I let out a loud growl—inwardly. “Of course you do. Naked on a bridge at night while it’s snowing.”

“Don’t throw things like that in the air. If I was naked, sweetheart, you’d never forget it. I can assure you I’m very much dressed.” The arrogant notes in his voice clearly indicate that he’s averted from the path I found him on. For now.

“It’s cold,” I say, ignoring him. “You’ll get pneumonia.”

He snorts, shaking away the snowflakes from his sleeve, and mumbles under his breath, “That’d be too easy.”

I shut my mouth before I yell at him and go back to watching the river. This year it might freeze even earlier since the temperature is going psycho these days.

“I think—” I swallow before continuing, “I think my brother had the same thoughts at one point in his life.” I decide to share one of my deepest fears, hoping it will help him. “When he came back from the service…” I hear his breath hitch, and I don’t dare to look at him. “He was…bad.” The cold air bites my nose, making me sniffle. “Angry with the world and…with everything really.”

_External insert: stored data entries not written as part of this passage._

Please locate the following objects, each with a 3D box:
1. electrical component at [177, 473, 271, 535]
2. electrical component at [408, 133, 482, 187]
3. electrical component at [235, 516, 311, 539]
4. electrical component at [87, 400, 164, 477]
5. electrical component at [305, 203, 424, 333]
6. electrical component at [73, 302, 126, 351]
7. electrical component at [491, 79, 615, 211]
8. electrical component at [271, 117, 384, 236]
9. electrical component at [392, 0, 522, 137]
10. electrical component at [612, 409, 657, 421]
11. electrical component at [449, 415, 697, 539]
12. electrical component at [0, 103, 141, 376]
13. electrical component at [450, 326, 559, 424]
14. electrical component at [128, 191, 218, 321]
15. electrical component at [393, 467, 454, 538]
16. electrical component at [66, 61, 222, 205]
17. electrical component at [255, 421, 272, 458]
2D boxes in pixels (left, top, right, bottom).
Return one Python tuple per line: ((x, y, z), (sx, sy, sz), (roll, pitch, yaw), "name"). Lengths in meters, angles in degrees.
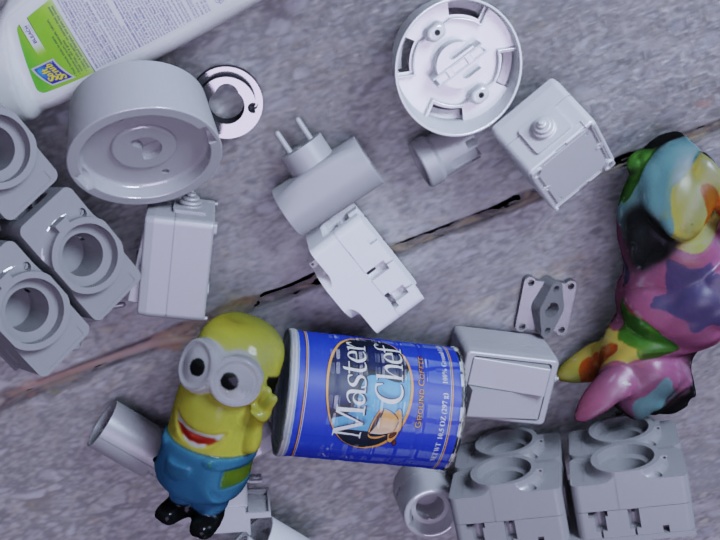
((-0.118, 0.190, 0.920), (0.081, 0.042, 0.063), (-3, 107, -7), "electrical component")
((0.067, -0.092, 0.839), (0.046, 0.040, 0.040), (-28, 111, -2), "electrical component")
((-0.083, 0.261, 0.923), (0.064, 0.099, 0.099), (41, 101, -13), "electrical component")
((-0.180, 0.147, 0.895), (0.081, 0.043, 0.043), (34, 103, -18), "electrical component")
((0.000, 0.000, 0.859), (0.056, 0.050, 0.089), (-37, 111, 6), "electrical component")
((-0.224, 0.024, 0.841), (0.077, 0.047, 0.065), (-9, 111, -4), "electrical component")
((0.144, -0.099, 0.816), (0.062, 0.061, 0.096), (-40, 152, 8), "electrical component")
((-0.035, -0.079, 0.829), (0.077, 0.043, 0.079), (-33, 103, 6), "electrical component")
((0.071, -0.154, 0.803), (0.099, 0.064, 0.099), (-2, 111, -6), "electrical component")
((0.248, 0.148, 0.950), (0.048, 0.048, 0.062), (-40, 103, 8), "electrical component")
((0.173, 0.175, 0.892), (0.186, 0.105, 0.060), (-9, 105, 13), "electrical component")
((-0.249, -0.028, 0.740), (0.105, 0.060, 0.186), (-50, 122, -25), "electrical component")
((0.124, 0.090, 0.903), (0.096, 0.061, 0.061), (7, 109, -10), "electrical component")
((-0.143, -0.017, 0.828), (0.061, 0.061, 0.096), (6, 110, -9), "electrical component")
((0.060, 0.201, 0.944), (0.055, 0.047, 0.055), (-2, 111, -6), "electrical component")
((-0.157, -0.103, 0.769), (0.108, 0.060, 0.108), (-11, 149, -6), "electrical component")
((-0.095, 0.130, 0.902), (0.040, 0.040, 0.046), (-24, 105, 2), "electrical component")
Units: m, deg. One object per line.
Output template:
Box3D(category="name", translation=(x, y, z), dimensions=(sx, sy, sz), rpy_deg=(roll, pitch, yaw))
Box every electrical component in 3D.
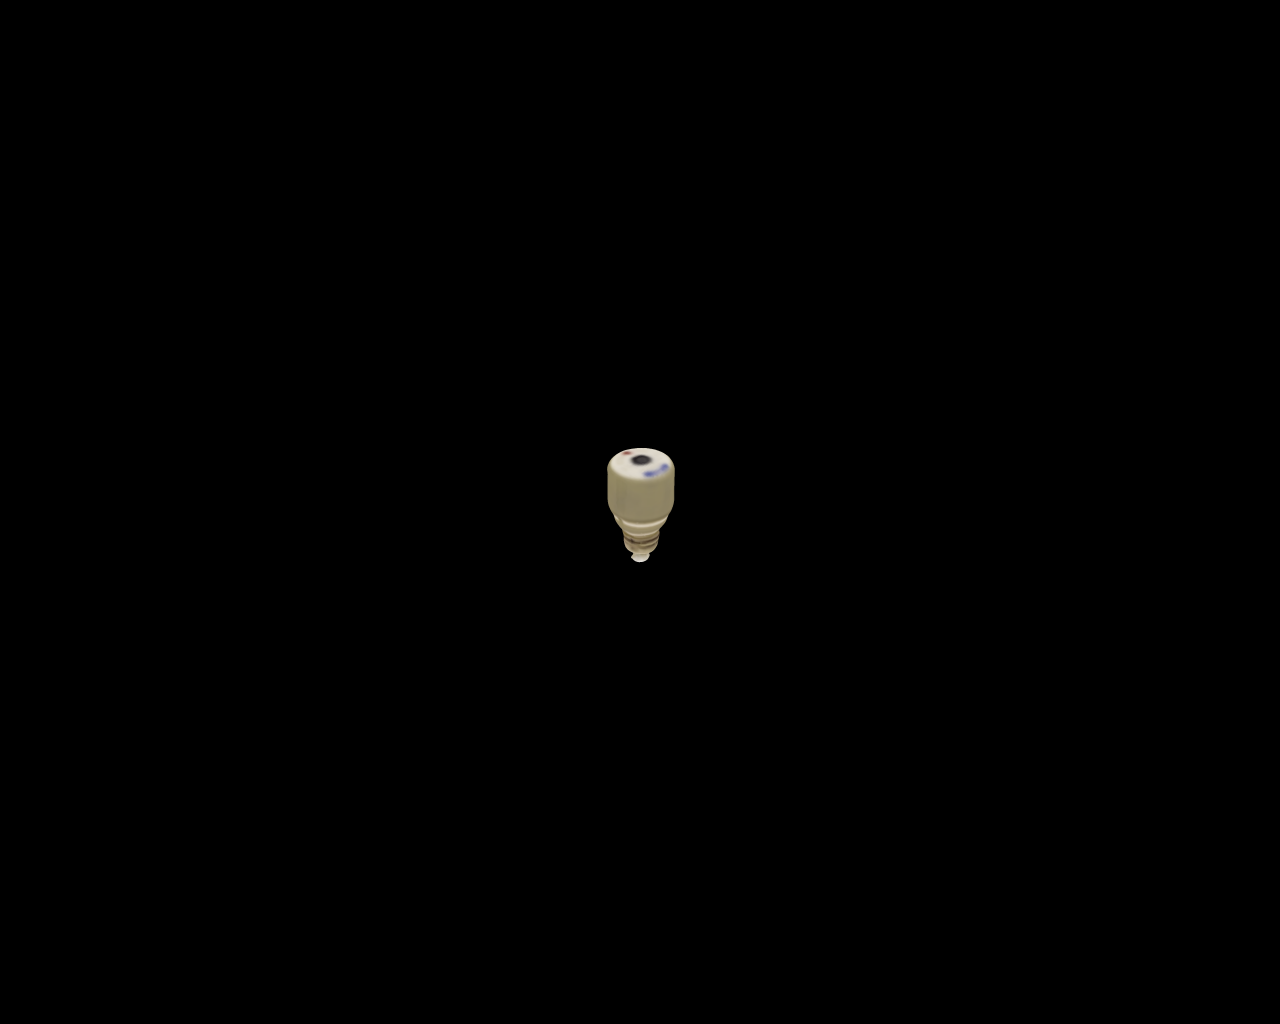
Box3D(category="electrical component", translation=(0.001, -0.003, 0.650), dimensions=(0.040, 0.078, 0.040), rpy_deg=(0, 33, 0))

I let myself drift away for a second, back to the time Alex returned from the Navy and was like a walking grenade with a short fuse. “He blamed himself for a lot of things. Thought that no one loved him, but it couldn’t have been further from the truth. I don’t know what we would have done if he chose that path. I just—” I cut myself off before I spill too much. My eyes water and I blink the moisture away. “What I’m trying to say is that there is always someone who will be devastated if something happens to you.” It’s the first time since the beginning of my speech that I dare to look at him.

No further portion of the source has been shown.